Charged by the Comprehend option chosen and the type of API call.

Infrastructure type

Regional

Management type

Fully managed

Service category

Machine learning

Building models: SageMaker and Bedrock#

Two services anchor ML on AWS, and they sit at different layers:

  • Amazon SageMaker is the platform for building, training, and deploying your own ML models. It provides pre-built algorithms and models as starting points, so you can pick one and customize it without being an ML expert.

  • Amazon Bedrock provides pre-trained foundation models through an API, which you can fine-tune to your needs without training from scratch.

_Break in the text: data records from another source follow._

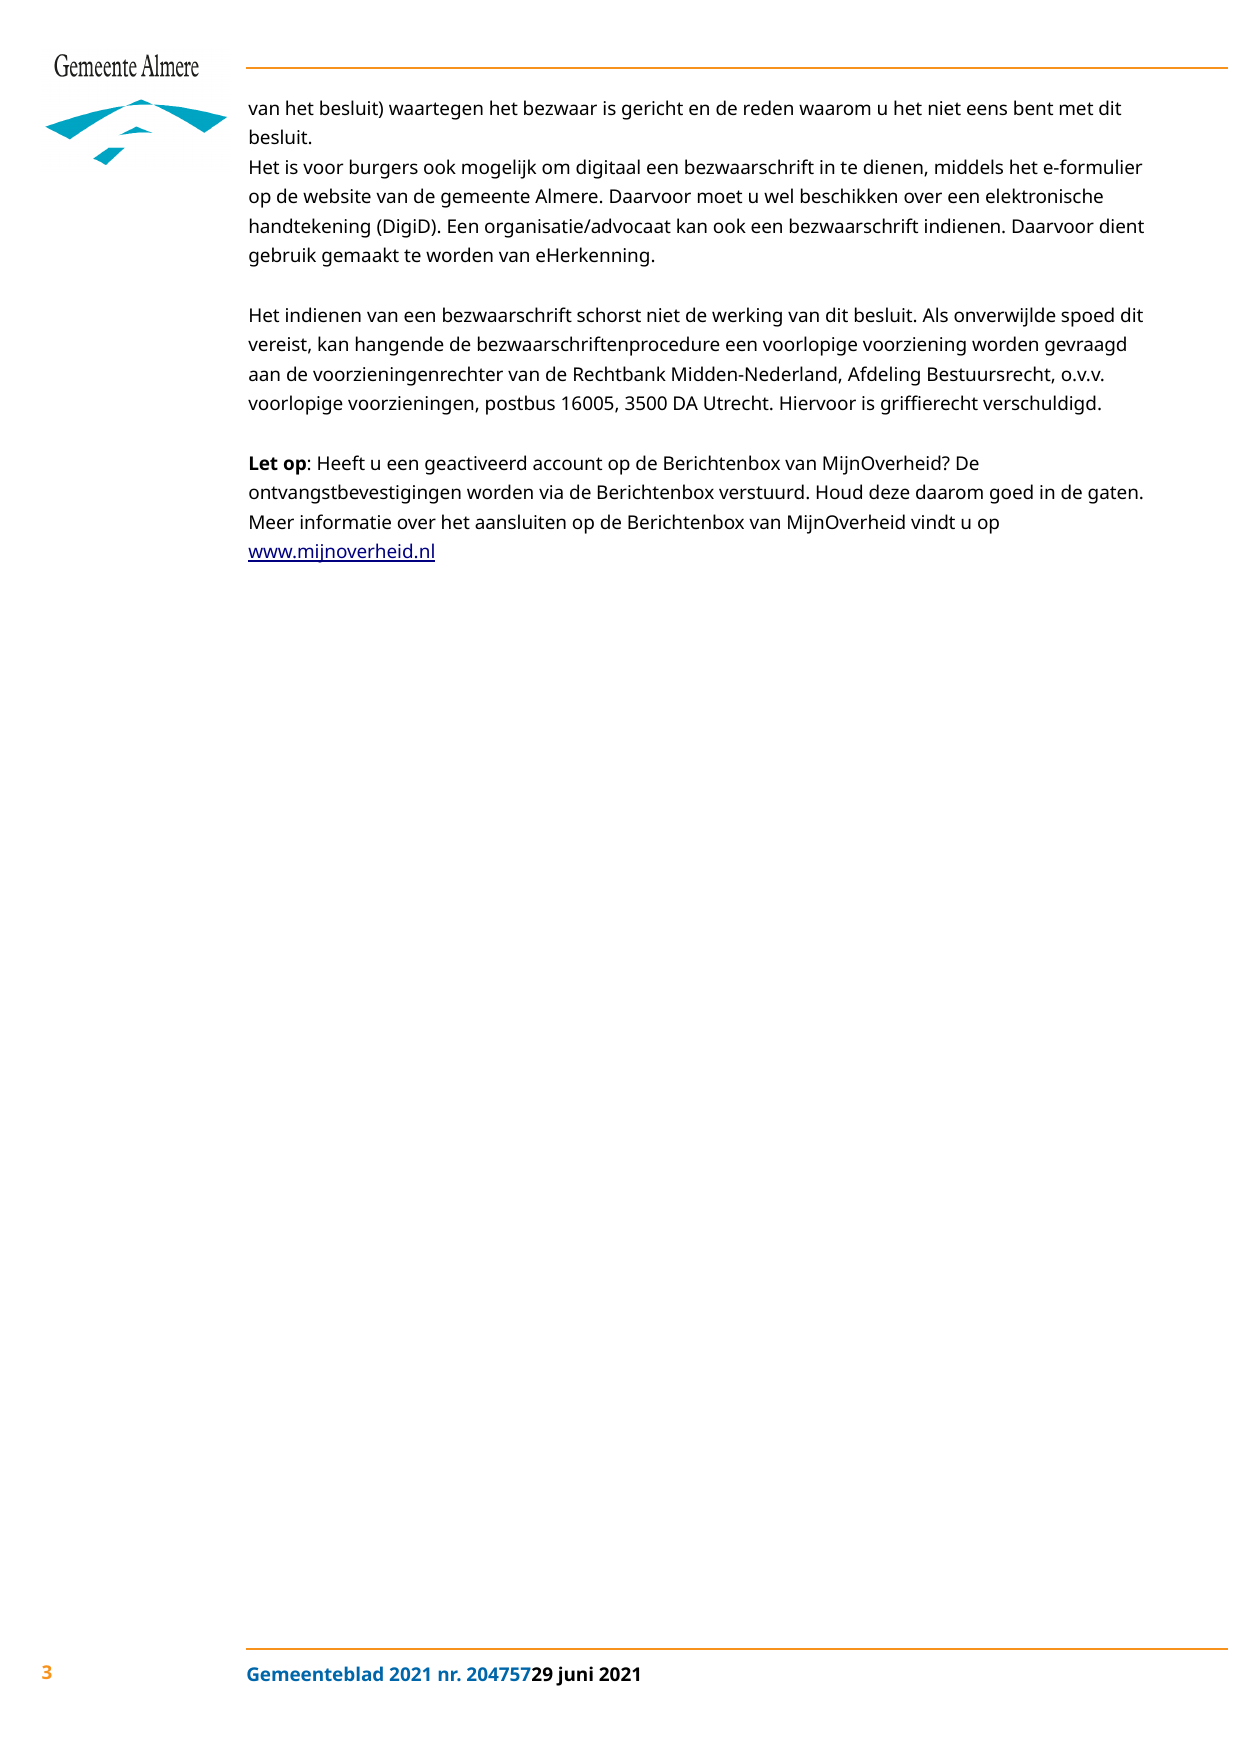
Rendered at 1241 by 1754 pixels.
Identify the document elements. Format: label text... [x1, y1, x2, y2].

text Het is voor burgers ook mogelijk om digitaal een bezwaarschrift in te dienen, middels het e-formulier op de website van de gemeente Almere. Daarvoor moet u wel beschikken over een elektronische handtekening (DigiD). Een organisatie/advocaat kan ook een bezwaarschrift indienen. Daarvoor dient gebruik gemaakt te worden van eHerkenning. [248, 154, 1152, 268]
text Let op: Heeft u een geactiveerd account op de Berichtenbox van MijnOverheid? De ontvangstbevestigingen worden via de Berichtenbox verstuurd. Houd deze daarom goed in de gaten. Meer informatie over het aansluiten op de Berichtenbox van MijnOverheid vindt u op www.mijnoverheid.nl [248, 450, 1152, 564]
text Het indienen van een bezwaarschrift schorst niet de werking van dit besluit. Als onverwijlde spoed dit vereist, kan hangende de bezwaarschriftenprocedure een voorlopige voorziening worden gevraagd aan de voorzieningenrechter van de Rechtbank Midden-Nederland, Afdeling Bestuursrecht, o.v.v. voorlopige voorzieningen, postbus 16005, 3500 DA Utrecht. Hiervoor is griffierecht verschuldigd. [248, 302, 1152, 416]
picture [41, 47, 231, 172]
text van het besluit) waartegen het bezwaar is gericht en de reden waarom u het niet eens bent met dit besluit. [248, 95, 1152, 150]

It is the backbone of this book; see Chapter 1: Introduction to Generative AI.

In short: reach for SageMaker when you want to build and operate models yourself, and Bedrock when you want to consume and adapt foundation models. The task-specific services above (Kendra, Lex, Comprehend, Transcribe, Polly, Textract, Translate) sit one level higher still, ready-made AI for a specific job.

Key takeaways#

  • AI -> ML -> generative AI is a nesting; AWS has managed services at each level.

  • Amazon Kendra is intelligent, meaning-aware enterprise search.

  • Transcribe, Polly, Textract, Translate are task-specific NLP/speech/document services; Amazon Lex builds chatbots and voice assistants; Amazon Comprehend extracts insights from text.

  • SageMaker builds and operates custom models; Bedrock delivers and fine-tunes foundation models.

Attribution

Service descriptions are summarized from AWS training and documentation. Confirm current features, editions, and pricing on the official AWS documentation before relying on them.